I don't know. I'd really appreciate your thoughts on this one, here in the comments section (oooh! start a conversation!!) or in an email. This stuff keeps me up at night, and sometimes it makes it hard for me to do what I came here to do.

Anyway, things are well, as usual. I feel like I'm focusing on work pretty well, and bein' thoughtful about some stuff, and learning a whole lot. Keep sending the love, knowing I have friends out there keeps me going.

Love and guts,


  1. Hi, Jessie. I'm Dave Datz, Arielle's dad, and I have just read your fascinating blog. You are very brave and giving and open to new things.

    I've been thinking about your DEET dilemma. Since you asked for comments, I thought, why not mine? Forgive if I'm obvious--I'm hardly telling you things you don't already know--but it's a dilemma that most Americans never think about: Why are we awash in plenty, even in bad times, while most of the world is starving? Unfortunately, many Americans answer that question by saying it's because, well, because we're Americans and we deserve it. God has blessed us, therefore we are blessed, QED. But what to do when the question smacks you square in the face?

    I have no answer.

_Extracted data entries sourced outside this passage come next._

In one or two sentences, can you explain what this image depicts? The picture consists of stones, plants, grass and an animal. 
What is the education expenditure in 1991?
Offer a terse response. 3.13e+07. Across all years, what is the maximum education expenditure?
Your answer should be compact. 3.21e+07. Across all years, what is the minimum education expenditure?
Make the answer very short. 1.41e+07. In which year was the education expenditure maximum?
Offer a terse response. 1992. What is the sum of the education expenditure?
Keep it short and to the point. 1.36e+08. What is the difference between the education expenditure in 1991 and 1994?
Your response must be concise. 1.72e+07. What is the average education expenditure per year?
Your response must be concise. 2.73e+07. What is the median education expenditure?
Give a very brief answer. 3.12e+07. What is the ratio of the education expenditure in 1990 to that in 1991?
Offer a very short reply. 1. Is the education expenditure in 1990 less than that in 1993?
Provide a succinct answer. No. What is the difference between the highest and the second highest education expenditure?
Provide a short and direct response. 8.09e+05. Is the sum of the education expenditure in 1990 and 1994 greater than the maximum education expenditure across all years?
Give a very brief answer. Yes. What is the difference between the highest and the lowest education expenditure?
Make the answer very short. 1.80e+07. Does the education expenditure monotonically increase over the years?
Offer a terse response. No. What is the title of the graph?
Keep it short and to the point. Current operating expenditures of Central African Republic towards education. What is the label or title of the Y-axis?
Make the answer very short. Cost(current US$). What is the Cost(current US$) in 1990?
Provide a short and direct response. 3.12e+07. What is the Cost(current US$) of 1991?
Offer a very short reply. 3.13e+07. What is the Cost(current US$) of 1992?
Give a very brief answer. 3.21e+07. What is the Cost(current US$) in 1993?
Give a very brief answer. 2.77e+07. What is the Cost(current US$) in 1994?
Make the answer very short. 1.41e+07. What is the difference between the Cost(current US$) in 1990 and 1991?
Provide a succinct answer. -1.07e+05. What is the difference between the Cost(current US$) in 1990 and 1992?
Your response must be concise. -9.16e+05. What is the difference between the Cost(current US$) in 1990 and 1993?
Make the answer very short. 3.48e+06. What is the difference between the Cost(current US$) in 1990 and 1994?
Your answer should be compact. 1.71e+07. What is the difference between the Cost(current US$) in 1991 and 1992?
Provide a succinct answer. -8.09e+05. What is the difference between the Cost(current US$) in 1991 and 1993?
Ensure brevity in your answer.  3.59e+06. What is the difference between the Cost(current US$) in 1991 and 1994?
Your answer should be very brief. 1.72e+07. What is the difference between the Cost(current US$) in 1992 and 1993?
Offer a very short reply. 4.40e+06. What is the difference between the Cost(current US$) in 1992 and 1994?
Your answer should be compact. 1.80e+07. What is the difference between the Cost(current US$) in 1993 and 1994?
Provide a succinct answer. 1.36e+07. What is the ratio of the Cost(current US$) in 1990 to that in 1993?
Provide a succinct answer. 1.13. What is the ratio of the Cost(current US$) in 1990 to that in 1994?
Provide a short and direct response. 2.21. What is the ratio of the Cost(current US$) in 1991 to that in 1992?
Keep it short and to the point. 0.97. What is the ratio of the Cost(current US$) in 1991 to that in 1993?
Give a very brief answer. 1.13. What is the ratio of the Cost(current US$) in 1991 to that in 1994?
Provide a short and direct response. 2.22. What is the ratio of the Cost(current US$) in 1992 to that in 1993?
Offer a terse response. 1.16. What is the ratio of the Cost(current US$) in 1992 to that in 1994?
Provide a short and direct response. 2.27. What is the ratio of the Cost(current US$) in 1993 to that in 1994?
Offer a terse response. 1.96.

All I can think of is the what they tell you on airplanes: If the oxygen mask drops down, put your own on before helping the child next to you. If you get malaria, you can't help those people, and if too many of your stagians get malaria, the whole program could get malaria, and the people will get no help at all.

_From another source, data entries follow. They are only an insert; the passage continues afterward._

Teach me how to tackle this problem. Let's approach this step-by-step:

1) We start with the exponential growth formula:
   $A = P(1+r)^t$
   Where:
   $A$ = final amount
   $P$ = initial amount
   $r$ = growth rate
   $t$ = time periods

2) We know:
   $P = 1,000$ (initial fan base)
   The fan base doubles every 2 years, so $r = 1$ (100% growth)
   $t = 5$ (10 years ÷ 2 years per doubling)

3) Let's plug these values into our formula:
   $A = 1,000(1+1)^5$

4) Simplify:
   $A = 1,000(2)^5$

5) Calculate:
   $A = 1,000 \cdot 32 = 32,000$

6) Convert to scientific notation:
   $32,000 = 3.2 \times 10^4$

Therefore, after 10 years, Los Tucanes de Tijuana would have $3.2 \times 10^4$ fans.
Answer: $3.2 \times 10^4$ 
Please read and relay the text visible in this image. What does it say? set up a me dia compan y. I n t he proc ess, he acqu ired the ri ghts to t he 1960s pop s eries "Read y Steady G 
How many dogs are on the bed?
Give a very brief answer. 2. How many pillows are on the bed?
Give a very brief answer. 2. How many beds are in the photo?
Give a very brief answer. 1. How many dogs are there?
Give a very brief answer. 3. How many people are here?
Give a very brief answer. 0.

  2. Jessie--You are doing important work. Not surprising to me: you are a gutsy woman. Just one caution: Please watch where you step, since I'm assuming that you are not wearing shoes most of the time. I'll be following your adventures, and appreciating your eloquence (as a long-time writing teacher). All good thoughts--Arielle's mom.

  3. Jessie,
    You keep using your DEET and taking your pill. As a health education provider I believe you teaching the women to make Neem, which sounds fantastic is a great idea. Always good to start a "cottage industry" in developing countries. Good thought,run with it.